Managing Draw Calls For Zoomed Out Tilemap Views
Reducing Draw Calls from Distant Tiles
The core problem: Too many draw calls when rendering large tilemaps at a zoom level showing much of the map
A common optimization problem in 2D games using tilemap systems is managing the number of draw calls generated when viewing a large portion of the map from a zoomed out perspective. Each visible tile typically generates at least one draw call to render the tile sprite, resulting in potentially thousands of draw calls per frame at extreme zoom levels encompassing the entire tilemap. This overwhelms the GPU with too many draw calls to process efficiently, causing performance drops.
Unity’s native tilemap system utilizes the TilemapRenderer component to handle rendering batched chunks of tiles in an efficient manner. However, when zooming out to view most or all of a large tilemap, the number of draw calls can still easily reach problematic levels. There are several techniques we can use to reduce draw calls in this situation, centered around culling off-screen tiles, utilizing Unity’s dynamic batching capabilities, and instancing tile chunks.

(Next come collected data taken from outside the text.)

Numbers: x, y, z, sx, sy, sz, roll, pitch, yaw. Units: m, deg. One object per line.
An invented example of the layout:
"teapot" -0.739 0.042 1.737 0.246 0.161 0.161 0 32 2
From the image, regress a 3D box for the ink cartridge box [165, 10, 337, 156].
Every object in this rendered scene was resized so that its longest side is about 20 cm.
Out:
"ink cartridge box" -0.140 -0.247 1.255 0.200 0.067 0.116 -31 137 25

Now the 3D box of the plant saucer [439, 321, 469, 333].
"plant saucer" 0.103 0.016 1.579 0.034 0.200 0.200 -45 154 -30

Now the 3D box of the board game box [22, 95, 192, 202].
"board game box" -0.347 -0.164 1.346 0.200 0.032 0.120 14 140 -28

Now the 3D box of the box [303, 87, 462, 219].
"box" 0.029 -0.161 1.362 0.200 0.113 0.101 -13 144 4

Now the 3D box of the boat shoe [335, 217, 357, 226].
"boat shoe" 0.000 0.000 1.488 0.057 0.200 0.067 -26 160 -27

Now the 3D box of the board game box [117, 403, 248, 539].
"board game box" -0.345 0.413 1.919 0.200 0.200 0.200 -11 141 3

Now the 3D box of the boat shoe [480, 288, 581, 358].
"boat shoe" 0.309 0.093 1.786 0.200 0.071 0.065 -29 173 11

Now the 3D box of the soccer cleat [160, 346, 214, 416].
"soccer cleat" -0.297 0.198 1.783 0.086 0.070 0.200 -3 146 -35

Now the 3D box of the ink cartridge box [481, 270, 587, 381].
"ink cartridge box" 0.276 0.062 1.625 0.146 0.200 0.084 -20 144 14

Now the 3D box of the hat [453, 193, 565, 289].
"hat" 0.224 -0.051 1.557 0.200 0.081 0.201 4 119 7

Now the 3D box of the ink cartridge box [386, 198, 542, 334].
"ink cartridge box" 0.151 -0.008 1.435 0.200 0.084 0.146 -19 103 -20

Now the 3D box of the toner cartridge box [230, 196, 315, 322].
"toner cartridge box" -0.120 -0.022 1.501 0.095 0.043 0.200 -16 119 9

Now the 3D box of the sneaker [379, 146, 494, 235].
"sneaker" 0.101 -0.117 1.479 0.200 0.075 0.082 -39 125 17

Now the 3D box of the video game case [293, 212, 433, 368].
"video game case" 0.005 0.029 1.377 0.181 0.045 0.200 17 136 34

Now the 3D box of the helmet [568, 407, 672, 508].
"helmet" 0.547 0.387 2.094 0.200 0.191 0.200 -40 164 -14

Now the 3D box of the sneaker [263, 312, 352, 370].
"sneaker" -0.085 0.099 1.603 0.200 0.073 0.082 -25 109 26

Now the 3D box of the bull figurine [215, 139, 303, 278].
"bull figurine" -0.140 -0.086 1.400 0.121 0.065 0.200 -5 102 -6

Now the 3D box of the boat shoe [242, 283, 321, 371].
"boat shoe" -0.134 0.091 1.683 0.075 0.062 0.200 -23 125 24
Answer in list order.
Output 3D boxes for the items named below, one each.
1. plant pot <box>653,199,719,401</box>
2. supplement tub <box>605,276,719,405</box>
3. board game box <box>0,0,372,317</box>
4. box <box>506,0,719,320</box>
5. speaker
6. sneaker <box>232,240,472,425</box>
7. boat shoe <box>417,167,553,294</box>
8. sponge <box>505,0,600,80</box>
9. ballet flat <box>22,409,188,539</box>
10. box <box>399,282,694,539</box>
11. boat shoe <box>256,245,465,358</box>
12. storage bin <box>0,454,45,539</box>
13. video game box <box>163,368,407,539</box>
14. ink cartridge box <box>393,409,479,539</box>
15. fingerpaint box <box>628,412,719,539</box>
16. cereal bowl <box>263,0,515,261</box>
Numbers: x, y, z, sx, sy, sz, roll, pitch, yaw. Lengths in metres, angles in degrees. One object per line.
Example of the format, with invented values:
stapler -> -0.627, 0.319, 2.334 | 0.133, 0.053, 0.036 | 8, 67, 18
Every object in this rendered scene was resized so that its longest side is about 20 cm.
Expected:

Setting up tilemap rendering in Unity
Unity’s Tilemap feature allows arranging tiles on a grid to build up 2D environments. A Grid GameObject acts as a container, with one or more Tilemap GameObjects as children that store the tile data. Painting tiles in the Tile Palette tool maps sprites onto the Tilemap’s grid. The Tilemap Renderer then handles generating meshes from this grid data and getting it to the graphics hardware for the fastest rendering method available.

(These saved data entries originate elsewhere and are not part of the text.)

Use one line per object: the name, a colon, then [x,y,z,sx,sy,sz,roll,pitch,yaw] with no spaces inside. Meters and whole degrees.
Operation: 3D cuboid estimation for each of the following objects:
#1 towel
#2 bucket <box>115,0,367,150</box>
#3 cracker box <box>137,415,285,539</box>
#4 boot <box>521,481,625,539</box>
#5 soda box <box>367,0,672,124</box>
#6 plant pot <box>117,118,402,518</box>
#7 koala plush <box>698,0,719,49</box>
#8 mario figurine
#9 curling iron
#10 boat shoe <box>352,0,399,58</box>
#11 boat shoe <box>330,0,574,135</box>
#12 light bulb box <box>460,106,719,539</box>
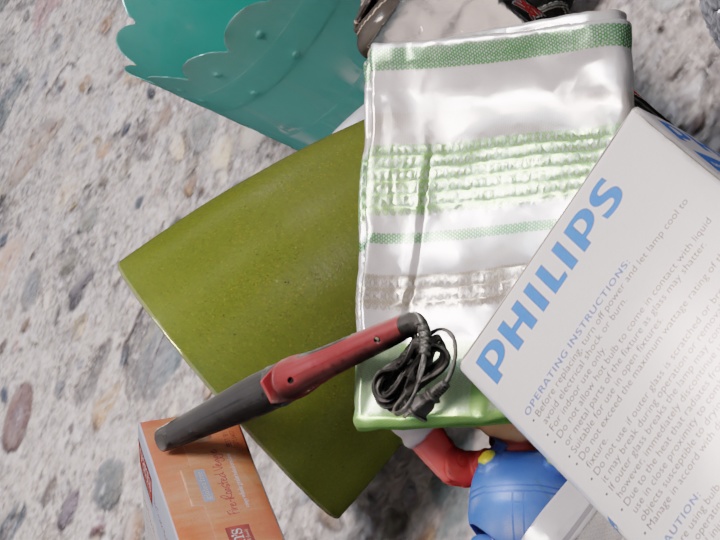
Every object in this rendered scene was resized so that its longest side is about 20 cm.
towel: [0.062,-0.024,1.092,0.148,0.031,0.202,-6,71,30]
bucket: [-0.050,-0.185,1.479,0.207,0.134,0.209,-35,41,37]
cracker box: [-0.075,0.194,1.198,0.134,0.057,0.202,-117,22,-54]
boot: [0.157,0.097,1.020,0.200,0.095,0.074,-49,-17,-23]
soda box: [0.099,-0.079,1.150,0.200,0.063,0.071,45,107,25]
plant pot: [0.000,0.000,1.244,0.200,0.187,0.187,-42,32,-1]
koala plush: [0.216,-0.102,0.947,0.184,0.199,0.178,-55,32,12]
mario figurine: [0.074,0.093,1.094,0.106,0.122,0.202,131,148,-58]
curling iron: [-0.033,0.062,1.103,0.199,0.025,0.050,-17,66,38]
boat shoe: [0.028,-0.171,1.327,0.067,0.057,0.200,-45,-1,26]
boat shoe: [0.062,-0.099,1.322,0.200,0.072,0.071,-46,57,24]
light bulb box: [0.179,0.066,0.839,0.125,0.198,0.200,-55,45,10]

The key components involved are:
- Grid – Rasterized space to build the tilemap on
- Tilemap – Assigns sprites onto grid cells
- Tile – Holds a sprite texture
- Tile Palette – Tool to paint tiles onto the tilemap
- Tilemap Renderer – Handles batching and rendering
There are also optional components like Tilemap Collider 2D for collision detection. The Tilemap Renderer is the main focus here for optimization.
Using the TilemapRenderer component efficiently
The TilemapRenderer batches compatible nearby chunks of tiles together into meshes for fewer draw calls. Tiles that don’t batch well with others such as animated tiles may still cause extra draw calls.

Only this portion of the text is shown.